In the wide constellation of Bob Dylan’s live releases—both from official channels and the ever-expanding Bootleg Series—this particular entry stands as one of the most vital. It is not merely a companion to Hard Rain, which was released around the same era and ostensibly drawn from the same tour, but a document of a uniquely charged moment in Dylan’s live performance arc. Recorded some six months prior to Hard Rain, during performances in Boston and Montreal in the latter months of 1975, the energy here is more focused, the arrangements tighter, and the atmosphere positively electric.

The band—a rolling, at times chaotic collective dubbed the Rolling Thunder Revue—was infamously large and spontaneous, sometimes to the detriment of consistency. Where Hard Rain polarized fans and critics alike with its raw looseness, this recording benefits from a rare alignment of clarity and spontaneity. It captures both the meticulous musical execution and the ragged spirit of the tour, a synthesis few live albums ever achieve. This is not just performance; it’s performance elevated—raucous, polished, and emotionally charged.

The bulk of the set leans heavily on the Desire material, with six out of nine tracks from that album featured. Rather than serving as promotion, these live renditions often surpass their studio counterparts in intensity and immediacy. The ever-iconic A Hard Rain’s A-Gonna Fall, dramatically rearranged here, no longer simply retreads past glory—it reimagines it. It’s off-kilter and free-form in the best possible sense: not sloppily revised, but revived with theatrical purpose.

Joan Baez’s guest appearances on the final trio of songs from disc one provide an essential counterpoint—both vocal and symbolic. The musical and personal history between Baez and Dylan lends these duets a layer of resonance that borders on mythological.
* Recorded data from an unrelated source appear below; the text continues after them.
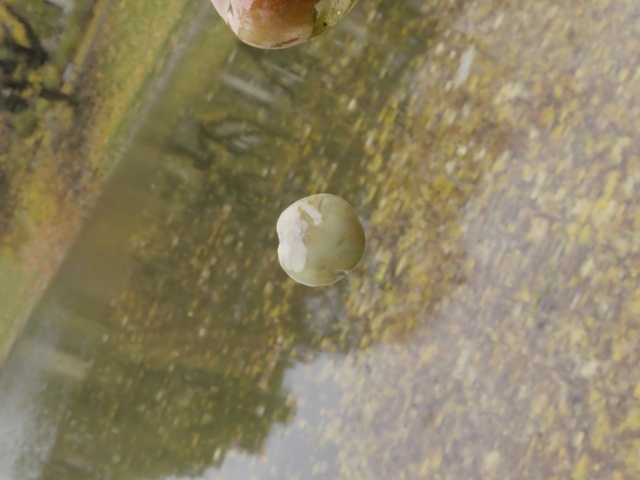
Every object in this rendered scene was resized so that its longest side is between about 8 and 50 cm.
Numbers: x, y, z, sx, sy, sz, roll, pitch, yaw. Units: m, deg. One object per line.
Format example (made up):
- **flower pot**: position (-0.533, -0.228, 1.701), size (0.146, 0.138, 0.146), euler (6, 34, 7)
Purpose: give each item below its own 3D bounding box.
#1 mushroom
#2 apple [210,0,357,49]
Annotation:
- **mushroom**: position (0.000, 0.000, 1.752), size (0.148, 0.148, 0.112), euler (-60, 29, 22)
- **apple**: position (-0.037, -0.307, 1.304), size (0.199, 0.199, 0.199), euler (-59, 15, 27)

They’re not mere cameos; they’re summits, and Baez’s presence softens and sharpens Dylan’s edges simultaneously.

What’s most remarkable, perhaps, is the audio fidelity itself. Bootlegs from this era are known for their charm more than their clarity, but this release is pristine. It’s unlikely that even the most sought-after original bootleg tapes captured the Rolling Thunder Revue in such crystalline quality.

There are 22 tracks in total, and not one feels perfunctory. This is Dylan at one of his last truly untethered peaks—before the Gospel period, before the long wilderness of uneven tours—and it is immortalized here with stunning success. Whatever expectations one brings to the table, this album clears them with ease. It may be archival, but it feels urgently present.